> [Work to be completed] Please repeat, precisely as written, only the lines from the one containing "1) action figure (0,227,20,255)" through the last line of the records below, pictures omitted.

> [Material provided]
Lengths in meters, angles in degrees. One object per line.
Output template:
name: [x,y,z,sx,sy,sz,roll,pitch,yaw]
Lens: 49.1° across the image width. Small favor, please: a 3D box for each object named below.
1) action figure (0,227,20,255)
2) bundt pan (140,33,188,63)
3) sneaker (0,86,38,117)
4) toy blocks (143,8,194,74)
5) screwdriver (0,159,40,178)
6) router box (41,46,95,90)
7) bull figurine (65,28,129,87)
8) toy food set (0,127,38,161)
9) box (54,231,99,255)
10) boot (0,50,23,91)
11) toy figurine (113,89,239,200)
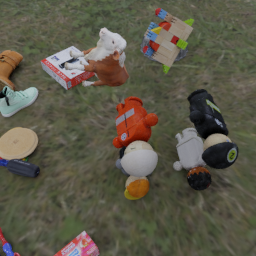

> [Expected answer]
1) action figure (0,227,20,255)
2) bundt pan (140,33,188,63)
3) sneaker (0,86,38,117)
4) toy blocks (143,8,194,74)
5) screwdriver (0,159,40,178)
6) router box (41,46,95,90)
7) bull figurine (65,28,129,87)
8) toy food set (0,127,38,161)
9) box (54,231,99,255)
10) boot (0,50,23,91)
11) toy figurine (113,89,239,200)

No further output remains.